__Activity__:
All lines in the data below carrying the string "from" are to be located and copied.

+++ Material for this task

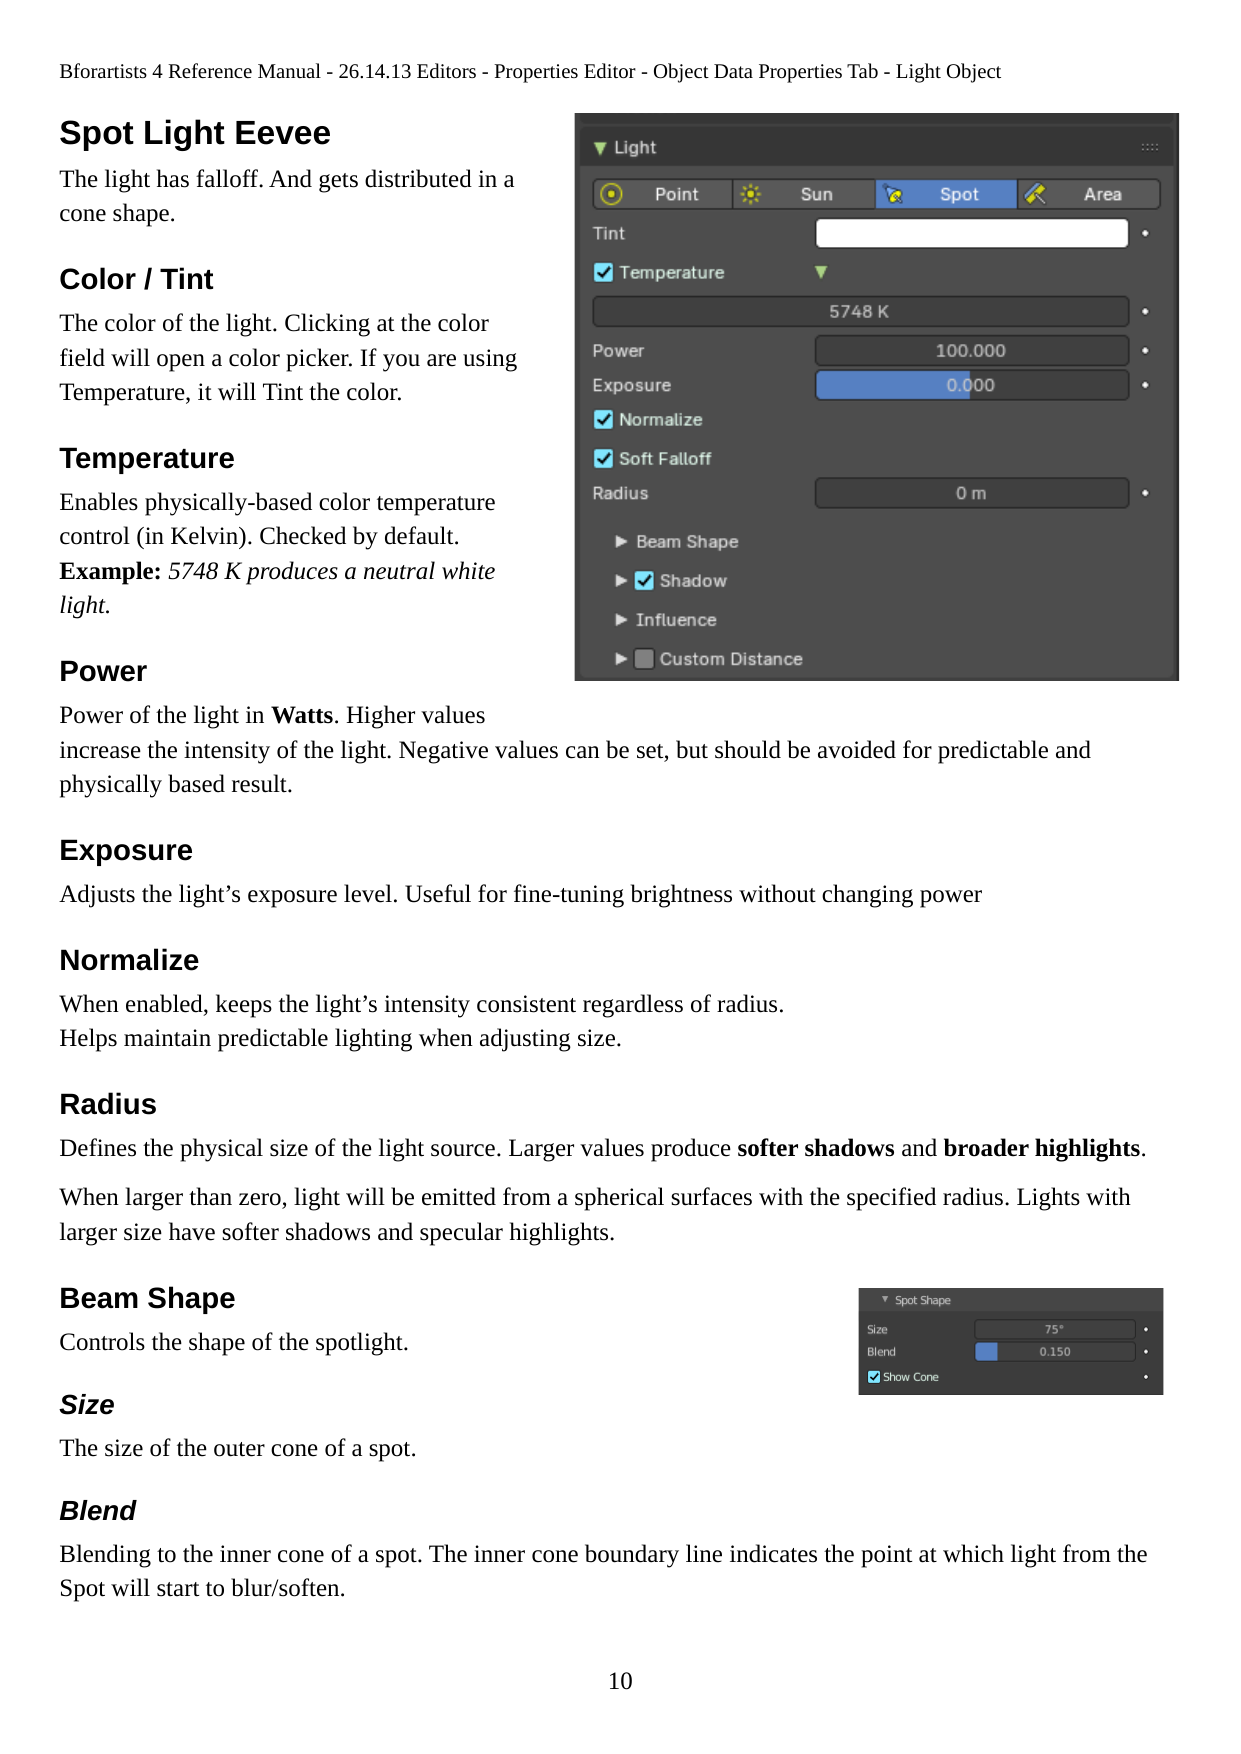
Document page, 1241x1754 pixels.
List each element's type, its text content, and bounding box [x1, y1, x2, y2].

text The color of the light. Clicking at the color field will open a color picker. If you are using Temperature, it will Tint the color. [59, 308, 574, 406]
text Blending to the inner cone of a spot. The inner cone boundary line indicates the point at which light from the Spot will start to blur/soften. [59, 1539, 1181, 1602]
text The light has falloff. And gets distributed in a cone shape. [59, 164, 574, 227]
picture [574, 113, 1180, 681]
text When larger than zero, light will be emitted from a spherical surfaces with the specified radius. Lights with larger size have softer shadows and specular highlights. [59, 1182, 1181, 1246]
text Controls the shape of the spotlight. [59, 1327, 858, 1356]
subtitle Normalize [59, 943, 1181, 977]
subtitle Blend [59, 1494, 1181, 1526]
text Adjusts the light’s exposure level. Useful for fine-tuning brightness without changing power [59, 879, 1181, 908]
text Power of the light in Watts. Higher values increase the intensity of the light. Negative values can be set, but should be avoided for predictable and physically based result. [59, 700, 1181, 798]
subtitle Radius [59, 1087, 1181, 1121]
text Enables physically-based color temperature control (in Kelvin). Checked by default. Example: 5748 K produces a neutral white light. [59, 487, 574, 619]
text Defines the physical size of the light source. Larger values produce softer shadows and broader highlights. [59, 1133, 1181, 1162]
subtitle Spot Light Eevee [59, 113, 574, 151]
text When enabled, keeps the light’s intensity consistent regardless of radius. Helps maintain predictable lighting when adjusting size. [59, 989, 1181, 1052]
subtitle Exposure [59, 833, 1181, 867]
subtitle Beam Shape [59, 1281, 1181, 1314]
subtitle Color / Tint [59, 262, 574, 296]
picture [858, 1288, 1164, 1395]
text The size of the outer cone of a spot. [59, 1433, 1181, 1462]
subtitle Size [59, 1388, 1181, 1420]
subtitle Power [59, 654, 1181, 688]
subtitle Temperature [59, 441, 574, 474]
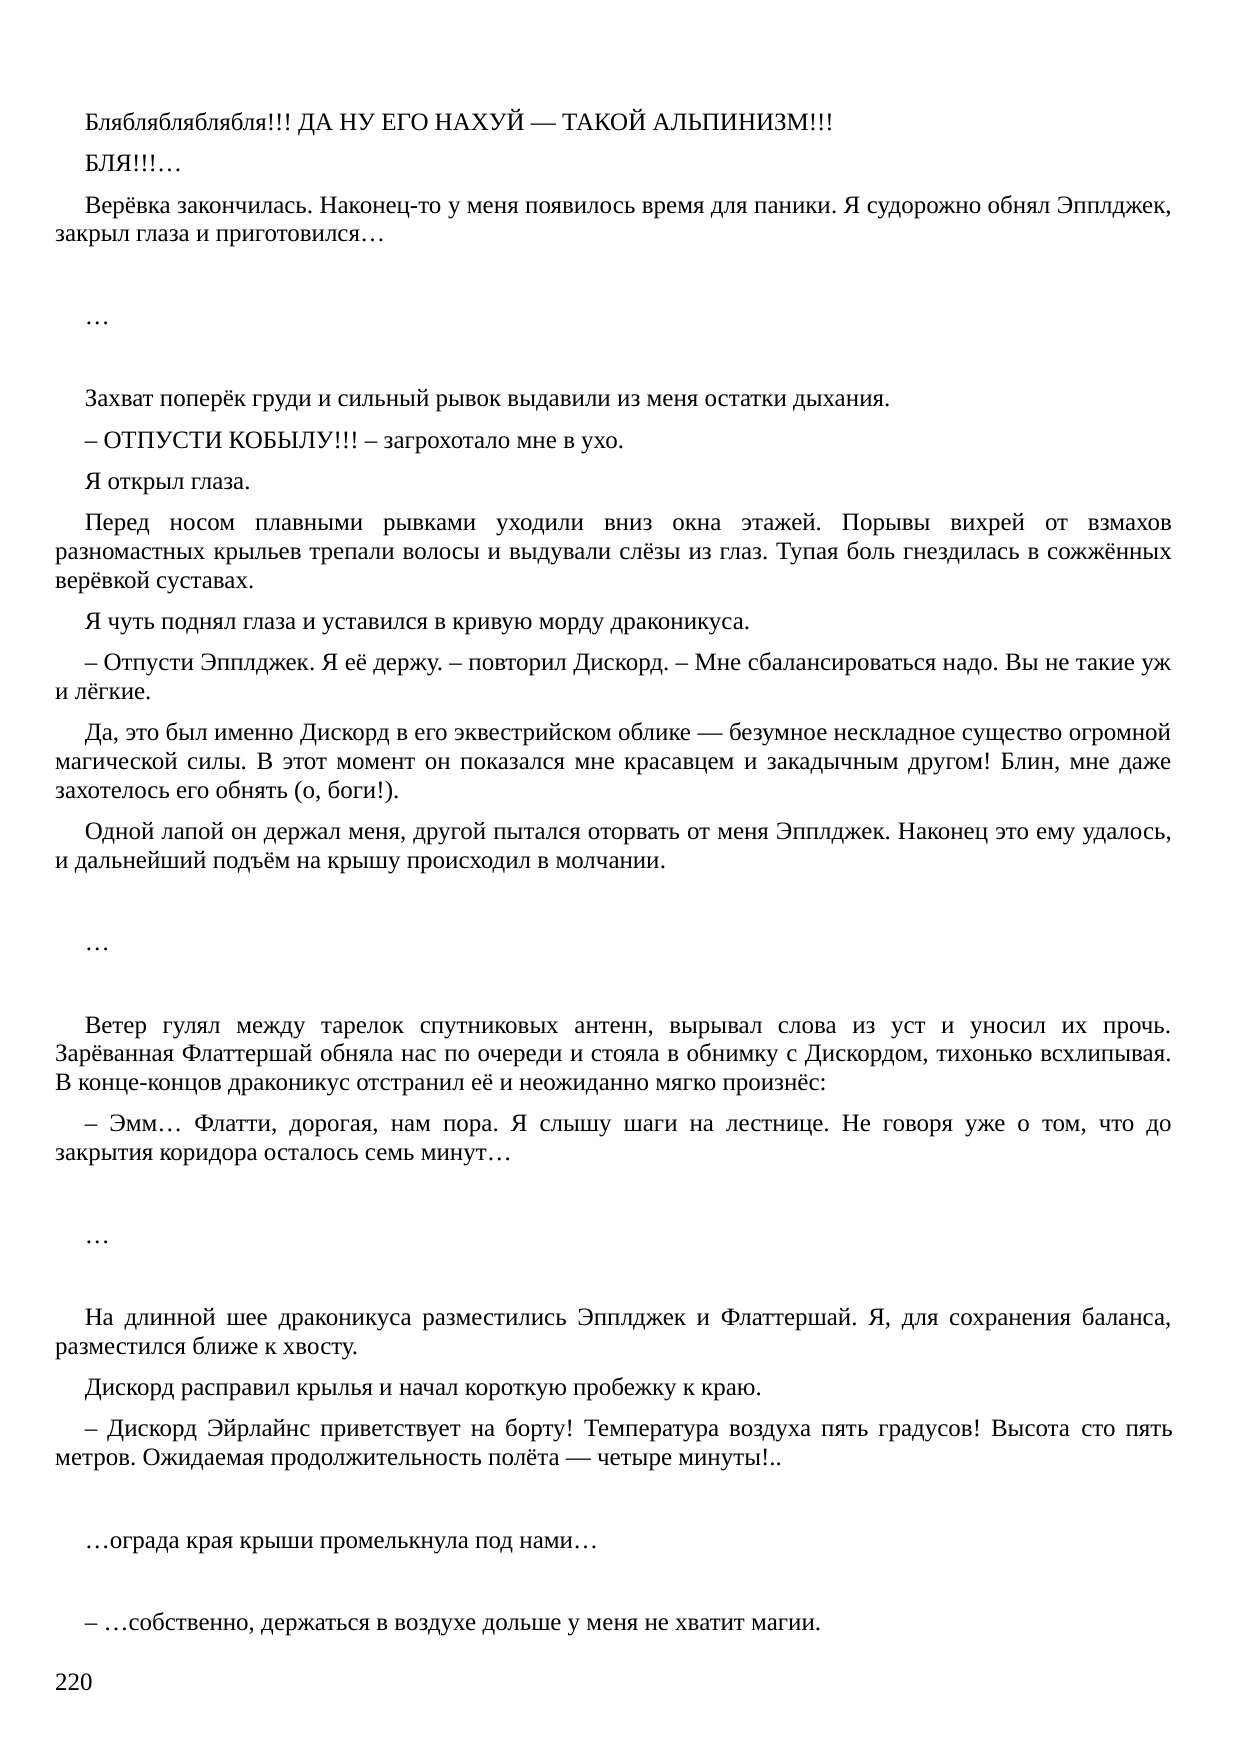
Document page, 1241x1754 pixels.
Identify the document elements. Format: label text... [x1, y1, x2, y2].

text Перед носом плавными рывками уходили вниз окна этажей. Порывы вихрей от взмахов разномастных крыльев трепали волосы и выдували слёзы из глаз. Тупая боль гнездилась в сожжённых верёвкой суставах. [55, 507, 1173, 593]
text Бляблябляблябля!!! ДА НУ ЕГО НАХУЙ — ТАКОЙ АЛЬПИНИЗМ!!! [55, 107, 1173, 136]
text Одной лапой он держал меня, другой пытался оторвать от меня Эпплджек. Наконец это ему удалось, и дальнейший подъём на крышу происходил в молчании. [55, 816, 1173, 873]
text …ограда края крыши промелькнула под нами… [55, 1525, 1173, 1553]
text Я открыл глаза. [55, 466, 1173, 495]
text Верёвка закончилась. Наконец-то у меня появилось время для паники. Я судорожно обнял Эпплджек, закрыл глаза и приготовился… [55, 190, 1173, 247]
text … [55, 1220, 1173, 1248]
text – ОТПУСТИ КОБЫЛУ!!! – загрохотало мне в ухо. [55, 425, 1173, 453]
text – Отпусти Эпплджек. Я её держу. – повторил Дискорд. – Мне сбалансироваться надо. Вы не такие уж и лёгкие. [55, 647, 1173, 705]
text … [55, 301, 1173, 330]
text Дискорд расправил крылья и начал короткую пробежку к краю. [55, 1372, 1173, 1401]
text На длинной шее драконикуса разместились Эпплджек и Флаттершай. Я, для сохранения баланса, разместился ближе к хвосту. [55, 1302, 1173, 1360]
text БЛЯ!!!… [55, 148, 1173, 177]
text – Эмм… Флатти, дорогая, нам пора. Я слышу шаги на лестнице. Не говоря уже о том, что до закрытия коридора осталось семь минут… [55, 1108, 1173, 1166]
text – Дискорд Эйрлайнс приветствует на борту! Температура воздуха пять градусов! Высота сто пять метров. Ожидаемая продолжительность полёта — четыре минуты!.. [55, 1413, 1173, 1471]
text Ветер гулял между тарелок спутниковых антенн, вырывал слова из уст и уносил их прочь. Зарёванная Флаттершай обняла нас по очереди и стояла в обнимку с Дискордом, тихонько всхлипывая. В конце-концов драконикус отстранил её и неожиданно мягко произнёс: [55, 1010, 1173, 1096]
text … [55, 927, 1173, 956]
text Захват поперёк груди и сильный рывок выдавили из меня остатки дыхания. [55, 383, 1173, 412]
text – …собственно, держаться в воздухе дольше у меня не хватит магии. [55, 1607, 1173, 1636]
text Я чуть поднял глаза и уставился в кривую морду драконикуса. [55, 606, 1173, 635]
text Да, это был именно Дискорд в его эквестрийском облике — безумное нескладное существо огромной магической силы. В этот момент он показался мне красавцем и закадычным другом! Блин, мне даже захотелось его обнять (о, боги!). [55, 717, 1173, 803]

++++++

__Reply__:
text Blending to the inner cone of a spot. The inner cone boundary line indicates the point at which light from the Spot will start to blur/soften. [59, 1539, 1181, 1602]
text When larger than zero, light will be emitted from a spherical surfaces with the specified radius. Lights with larger size have softer shadows and specular highlights. [59, 1182, 1181, 1246]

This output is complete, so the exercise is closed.